If the sick person is dehydrated:

  • Give plenty of fluid through frequent sips or spoonfuls over a 4-hour period.
  • Watch for an increase in urination and a lighter color of the urine.
  • Call a healthcare provider if dehydration worsens.

Prevent the spread of COVID-19 in the home

Anyone ill should:

  • Stay home, except to get medical care.
  • Call ahead before visiting your doctor.
  • Use a separate bedroom and bathroom if possible. If that’s not an option, try to stay at least 6 feet apart from each other when you’re sleeping and interacting

Caregivers should:

  • Wear a cloth face mask and gloves when providing care, if available. Cloth face masks should be worn by the sick person and caregiver when in close contact. Bandanas or other cloth that covers the mouth and nose can serve as masks.
  • Clean surfaces throughout the home daily. Use soap and water or other household cleaners, then use a disinfectant. If you don’t have a disinfectant, a paper towel dipped in 60% or greater isopropyl alcohol will kill the virus.
  • Wash laundry thoroughly. Keep the laundry away from your body. Wash your hands immediately after handling laundry.

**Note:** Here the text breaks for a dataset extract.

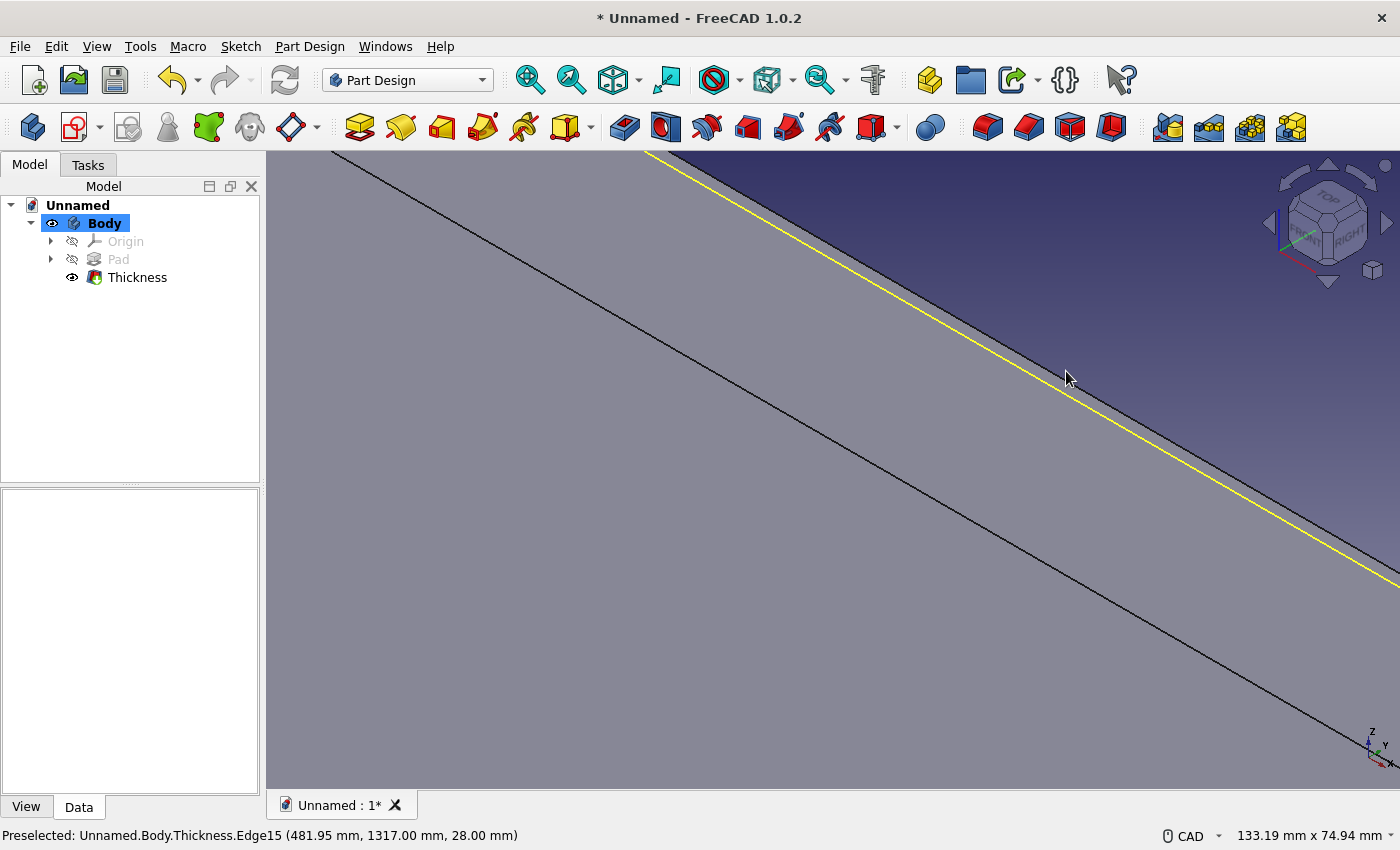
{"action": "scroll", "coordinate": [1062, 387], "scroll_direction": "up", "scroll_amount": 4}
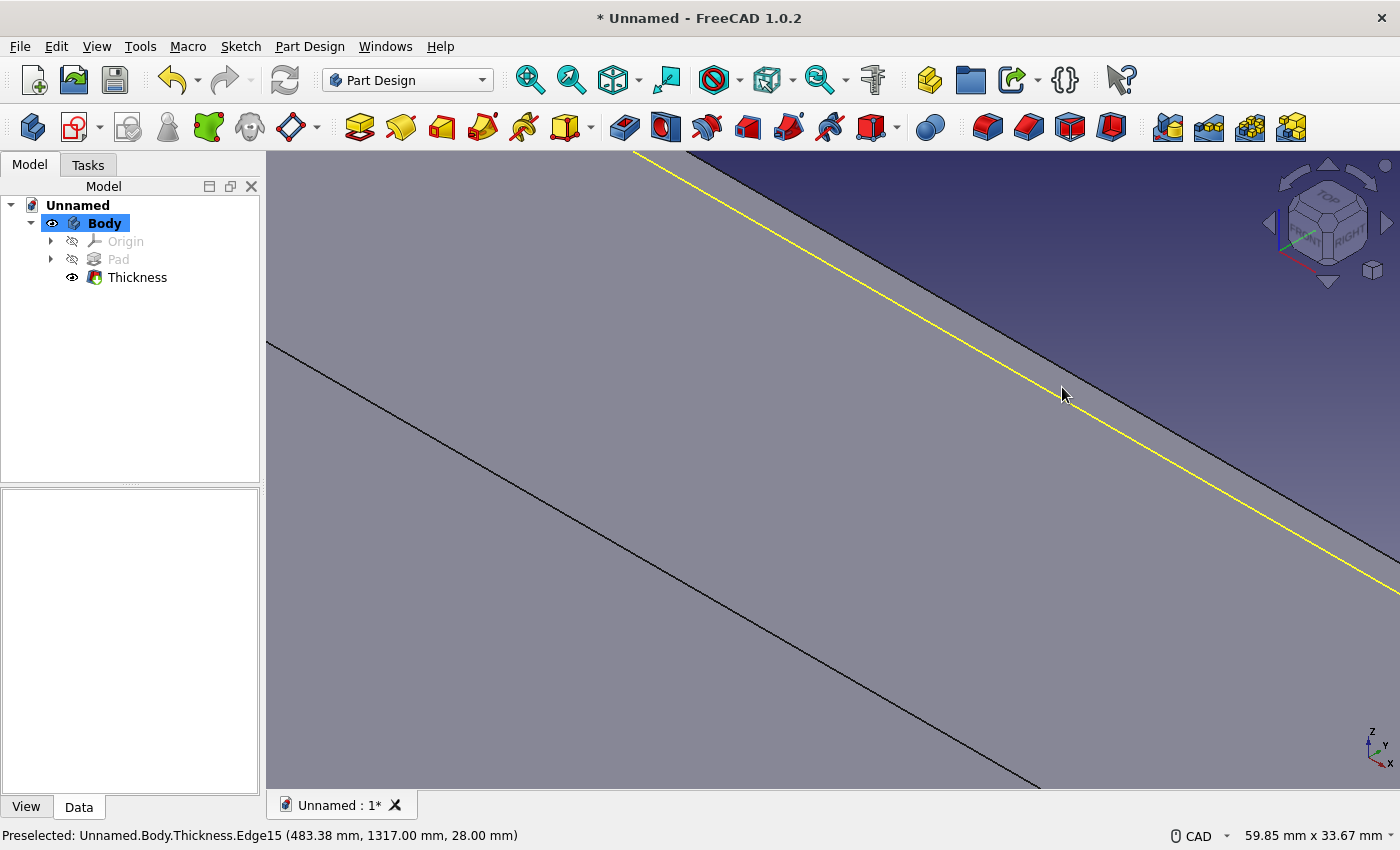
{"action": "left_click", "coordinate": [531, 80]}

Everyone in the household should:

  • Cover coughs and sneezes.
  • Clean hands thoroughly and often. Wash with soap and water for at least 20 seconds.
  • Avoid sharing personal household items (dishes, towels, bedding, etc.).

Support for stress and anxiety

If you are sick with COVID-19 or caring for someone who is sick, it can be stressful and worrisome. When talking to your doctor, talk about your anxieties to get support. You can also call the King County 24-Hour Crisis Line at 1-866-427-4747 for professional services and support.